**RECORDS FOR PROCESSING**
= = = =

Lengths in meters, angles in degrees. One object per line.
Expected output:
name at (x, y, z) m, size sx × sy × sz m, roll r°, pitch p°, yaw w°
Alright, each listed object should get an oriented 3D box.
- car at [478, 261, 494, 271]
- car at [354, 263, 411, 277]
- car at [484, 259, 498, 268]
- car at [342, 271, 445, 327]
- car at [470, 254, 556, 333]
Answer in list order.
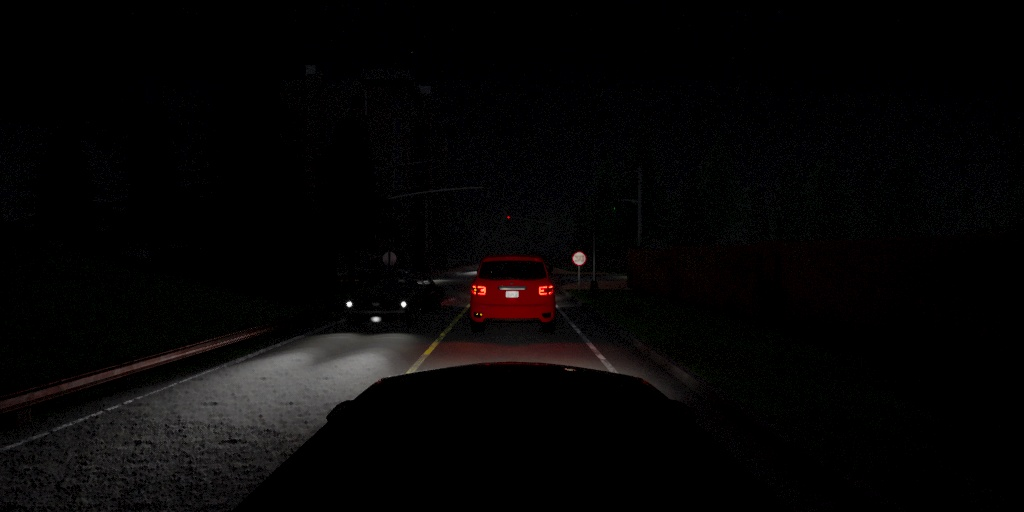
car at (-3.529, 1.351, 50.086) m, size 1.895 × 1.301 × 4.718 m, roll 0°, pitch 0°, yaw 0°
car at (-10.362, 1.290, 28.731) m, size 4.674 × 1.442 × 1.812 m, roll 0°, pitch 0°, yaw -3°
car at (-3.491, 1.297, 60.722) m, size 2.033 × 1.411 × 5.357 m, roll 0°, pitch 0°, yaw 0°
car at (-3.541, 1.351, 11.602) m, size 1.895 × 1.301 × 4.718 m, roll 0°, pitch 0°, yaw 1°
car at (0.055, 0.971, 10.914) m, size 2.150 × 2.045 × 5.566 m, roll 0°, pitch 0°, yaw 1°
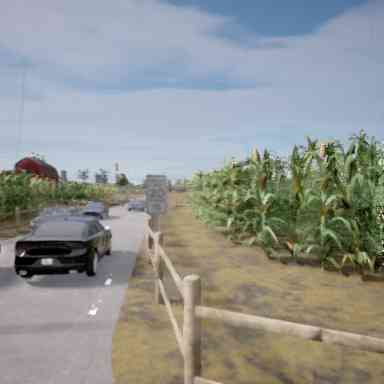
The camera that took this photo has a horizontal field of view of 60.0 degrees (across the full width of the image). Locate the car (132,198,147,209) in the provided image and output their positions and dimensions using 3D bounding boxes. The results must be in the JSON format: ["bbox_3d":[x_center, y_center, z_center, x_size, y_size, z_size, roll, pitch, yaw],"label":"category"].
[{"bbox_3d":[-8.041,1.692,51.142,2.128,1.511,4.902,0,0,-6],"label":"car"}]

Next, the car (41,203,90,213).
[{"bbox_3d":[-7.435,1.553,18.546,2.128,1.511,4.902,0,0,-6],"label":"car"}]

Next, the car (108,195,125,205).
[{"bbox_3d":[-10.162,1.144,45.086,2.097,1.767,4.553,0,0,-6],"label":"car"}]

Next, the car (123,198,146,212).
[{"bbox_3d":[-6.945,1.704,41.344,2.033,1.411,5.357,0,0,-5],"label":"car"}]

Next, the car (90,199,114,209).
[{"bbox_3d":[-8.656,1.657,30.043,2.033,1.411,5.357,0,0,-6],"label":"car"}]

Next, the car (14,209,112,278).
[{"bbox_3d":[-3.695,1.505,10.336,1.882,1.535,5.008,0,0,-6],"label":"car"}]
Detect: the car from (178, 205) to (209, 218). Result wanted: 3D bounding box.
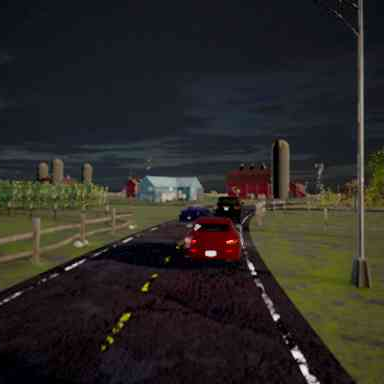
[{"bbox_3d":[0.228,1.764,28.361,1.895,1.301,4.718,0,0,12],"label":"car"}]

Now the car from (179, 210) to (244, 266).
[{"bbox_3d":[0.756,1.594,11.752,1.812,1.442,4.674,0,0,5],"label":"car"}]

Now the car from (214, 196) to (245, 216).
[{"bbox_3d":[3.163,1.392,28.058,2.150,2.045,5.566,0,0,12],"label":"car"}]
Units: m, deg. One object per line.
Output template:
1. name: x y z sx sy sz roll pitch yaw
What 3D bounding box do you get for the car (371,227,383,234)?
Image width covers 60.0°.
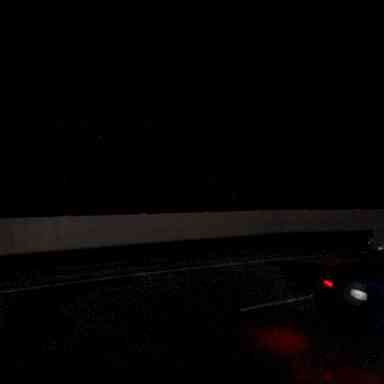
1. car: 8.125 1.591 11.182 4.674 1.442 1.812 0 0 -19

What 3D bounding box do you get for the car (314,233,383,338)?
1. car: 4.742 1.585 5.967 5.357 1.411 2.033 0 0 -25
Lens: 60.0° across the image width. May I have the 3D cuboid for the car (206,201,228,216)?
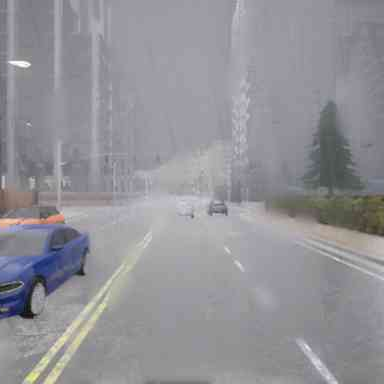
[{"bbox_3d":[2.598,1.644,34.951,2.128,1.511,4.902,0,0,-2],"label":"car"}]

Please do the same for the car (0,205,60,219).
[{"bbox_3d":[-7.498,1.420,15.247,2.097,1.767,4.553,0,0,-1],"label":"car"}]

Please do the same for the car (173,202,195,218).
[{"bbox_3d":[-0.816,1.664,31.649,1.812,1.442,4.674,0,0,-2],"label":"car"}]

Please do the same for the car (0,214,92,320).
[{"bbox_3d":[-3.782,1.512,7.655,1.882,1.535,5.008,0,0,-2],"label":"car"}]

= = = =

**INSTRUCTIONS FOR THE TASK**
Each entry above is to be restated exactly, without its images.

**SOLVED PROBLEM**
Lengths in meters, angles in degrees. One object per line.
Expected output:
name at (x, y, z) m, size sx × sy × sz m, roll r°, pitch p°, yaw w°
Alright, each listed object should get an oriented 3D box.
- car at [478, 261, 494, 271]
- car at [354, 263, 411, 277]
- car at [484, 259, 498, 268]
- car at [342, 271, 445, 327]
- car at [470, 254, 556, 333]
Answer in list order.
car at (-3.529, 1.351, 50.086) m, size 1.895 × 1.301 × 4.718 m, roll 0°, pitch 0°, yaw 0°
car at (-10.362, 1.290, 28.731) m, size 4.674 × 1.442 × 1.812 m, roll 0°, pitch 0°, yaw -3°
car at (-3.491, 1.297, 60.722) m, size 2.033 × 1.411 × 5.357 m, roll 0°, pitch 0°, yaw 0°
car at (-3.541, 1.351, 11.602) m, size 1.895 × 1.301 × 4.718 m, roll 0°, pitch 0°, yaw 1°
car at (0.055, 0.971, 10.914) m, size 2.150 × 2.045 × 5.566 m, roll 0°, pitch 0°, yaw 1°
The camera that took this photo has a horizontal field of view of 60.0 degrees (across the full width of the image). Locate the car (132,198,147,209) in the provided image and output their positions and dimensions using 3D bounding boxes. The results must be in the JSON format: ["bbox_3d":[x_center, y_center, z_center, x_size, y_size, z_size, roll, pitch, yaw],"label":"category"].
[{"bbox_3d":[-8.041,1.692,51.142,2.128,1.511,4.902,0,0,-6],"label":"car"}]

Next, the car (41,203,90,213).
[{"bbox_3d":[-7.435,1.553,18.546,2.128,1.511,4.902,0,0,-6],"label":"car"}]

Next, the car (108,195,125,205).
[{"bbox_3d":[-10.162,1.144,45.086,2.097,1.767,4.553,0,0,-6],"label":"car"}]

Next, the car (123,198,146,212).
[{"bbox_3d":[-6.945,1.704,41.344,2.033,1.411,5.357,0,0,-5],"label":"car"}]

Next, the car (90,199,114,209).
[{"bbox_3d":[-8.656,1.657,30.043,2.033,1.411,5.357,0,0,-6],"label":"car"}]

Next, the car (14,209,112,278).
[{"bbox_3d":[-3.695,1.505,10.336,1.882,1.535,5.008,0,0,-6],"label":"car"}]
Detect: the car from (178, 205) to (209, 218). Result wanted: 3D bounding box.
[{"bbox_3d":[0.228,1.764,28.361,1.895,1.301,4.718,0,0,12],"label":"car"}]

Now the car from (179, 210) to (244, 266).
[{"bbox_3d":[0.756,1.594,11.752,1.812,1.442,4.674,0,0,5],"label":"car"}]

Now the car from (214, 196) to (245, 216).
[{"bbox_3d":[3.163,1.392,28.058,2.150,2.045,5.566,0,0,12],"label":"car"}]
Units: m, deg. One object per line.
Output template:
1. name: x y z sx sy sz roll pitch yaw
What 3D bounding box do you get for the car (371,227,383,234)?
Image width covers 60.0°.
1. car: 8.125 1.591 11.182 4.674 1.442 1.812 0 0 -19

What 3D bounding box do you get for the car (314,233,383,338)?
1. car: 4.742 1.585 5.967 5.357 1.411 2.033 0 0 -25
Lens: 60.0° across the image width. May I have the 3D cuboid for the car (206,201,228,216)?
[{"bbox_3d":[2.598,1.644,34.951,2.128,1.511,4.902,0,0,-2],"label":"car"}]

Please do the same for the car (0,205,60,219).
[{"bbox_3d":[-7.498,1.420,15.247,2.097,1.767,4.553,0,0,-1],"label":"car"}]

Please do the same for the car (173,202,195,218).
[{"bbox_3d":[-0.816,1.664,31.649,1.812,1.442,4.674,0,0,-2],"label":"car"}]

Please do the same for the car (0,214,92,320).
[{"bbox_3d":[-3.782,1.512,7.655,1.882,1.535,5.008,0,0,-2],"label":"car"}]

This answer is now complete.